Ieri c’è stata la direzione
del Pd. La “Direzione Pd” serve, nell’ecosistema, a due sole
cose. La prima è portare a eccitazione massima, sempre nei limiti del
personaggio s’intende, il goffo figuro che scrive su L’Unità (quindi da
nessuna parte). Ieri il goffo figuro ha cinguettato orgasmico, sempre nei
limiti del personaggio s’intende: “Ma quant’è fico, potente, autentico
@matteorenzi quando s’incazza“.
Si noti anche il fatto che il goffo figuro, per
essere certo che la sua slappata non passasse anonima come quasi tutto nella
sua vita, ha chiocciolato (sic) Renzi.
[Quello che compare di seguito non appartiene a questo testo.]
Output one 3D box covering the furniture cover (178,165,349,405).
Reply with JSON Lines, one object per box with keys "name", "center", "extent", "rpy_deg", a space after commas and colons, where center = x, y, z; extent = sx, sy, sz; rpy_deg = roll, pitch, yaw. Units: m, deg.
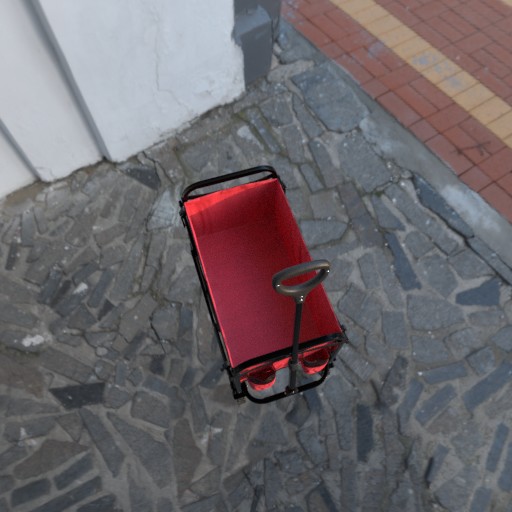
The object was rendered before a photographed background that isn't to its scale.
{"name": "furniture cover", "center": [0.000, 0.000, 1.820], "extent": [0.532, 1.295, 1.038], "rpy_deg": [-16, 64, -8]}
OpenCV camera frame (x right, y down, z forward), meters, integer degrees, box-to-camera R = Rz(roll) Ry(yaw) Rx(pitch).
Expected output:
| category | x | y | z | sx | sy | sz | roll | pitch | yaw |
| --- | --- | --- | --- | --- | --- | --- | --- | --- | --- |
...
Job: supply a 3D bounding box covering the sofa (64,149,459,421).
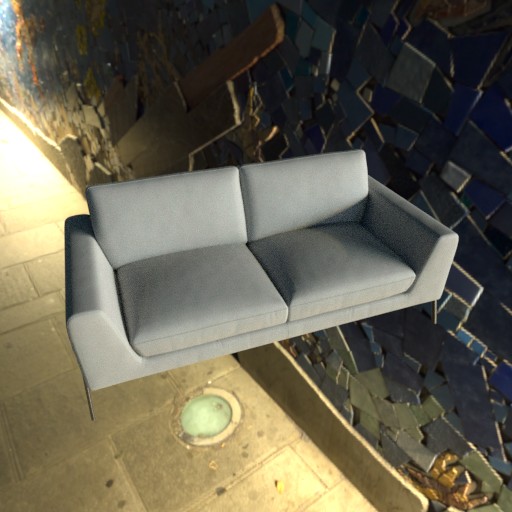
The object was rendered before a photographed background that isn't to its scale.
| category | x | y | z | sx | sy | sz | roll | pitch | yaw |
| --- | --- | --- | --- | --- | --- | --- | --- | --- | --- |
| sofa | 0.000 | 0.000 | 2.542 | 2.017 | 0.875 | 0.953 | -11 | 34 | -17 |
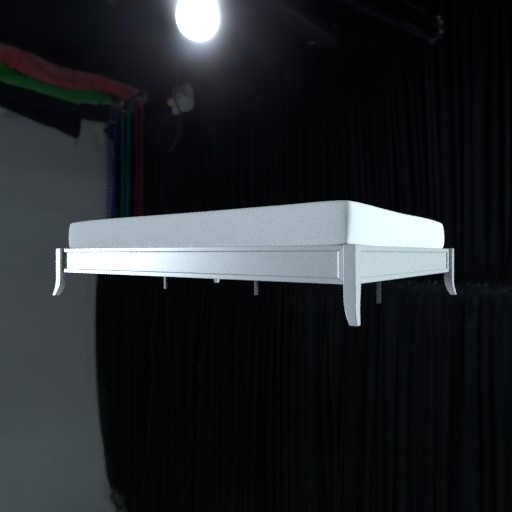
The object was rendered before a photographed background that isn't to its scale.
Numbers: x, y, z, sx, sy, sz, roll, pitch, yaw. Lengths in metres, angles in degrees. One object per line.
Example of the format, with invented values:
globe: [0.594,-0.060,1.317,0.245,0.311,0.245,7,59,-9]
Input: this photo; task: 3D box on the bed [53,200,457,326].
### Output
bed: [0.000,0.000,2.902,2.108,0.510,1.604,0,0,36]
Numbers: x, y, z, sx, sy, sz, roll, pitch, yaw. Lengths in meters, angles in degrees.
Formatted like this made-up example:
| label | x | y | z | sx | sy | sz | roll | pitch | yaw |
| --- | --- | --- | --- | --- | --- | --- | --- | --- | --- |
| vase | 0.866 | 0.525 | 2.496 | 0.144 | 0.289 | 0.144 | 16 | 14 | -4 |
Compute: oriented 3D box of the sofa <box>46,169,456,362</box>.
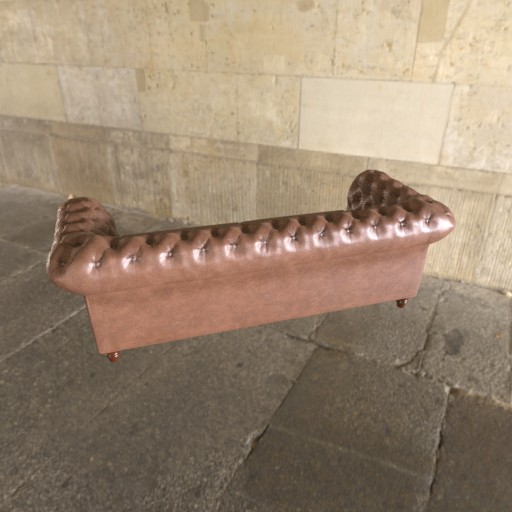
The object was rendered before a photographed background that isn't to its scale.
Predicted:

Sperando, a fine giornata, in una
carezza o magari un croccantino. Va detto che il goffo figuro, nei
dorati anni della sua fulgida esistenza, ha usato gli stessi toni anche nei
confronti di D’Alema e Santanché. Uccidendoli politicamente entrambi: daje
Matte’.
La seconda funzione della “Direzione Pd”
nell’ecosistema è quella di ricordare a tutti noi che Speranza vive e finge di
lottare in mezzo a noi. E anche ieri ce ne siamo ricordati. Come sempre,
all’interno della effimera “Direzione Pd”, Cuperlo ha detto cose perfette,
solo che dopo questi suoi sfoghi impeccabili passano altri sei mesi e non
succede nulla.
E come sempre Barca si è dimesso da se stesso,
o dalla Commissione Statuto del Pd, o dal Pd direttamente. Salvo poi, il giorno
dopo, ricominciare con la solfa del “cambiamento dall’interno, io ci credo”. Bravo
Barca. Tu ci credi. Io invece credo nelle melanzane alla parmigiana, in Roger
Waters e nel tacco 12 di Rosario Dawson in Sin City. E godo
molto di più.
Tutto questo, in fondo, è però margine e dettaglio.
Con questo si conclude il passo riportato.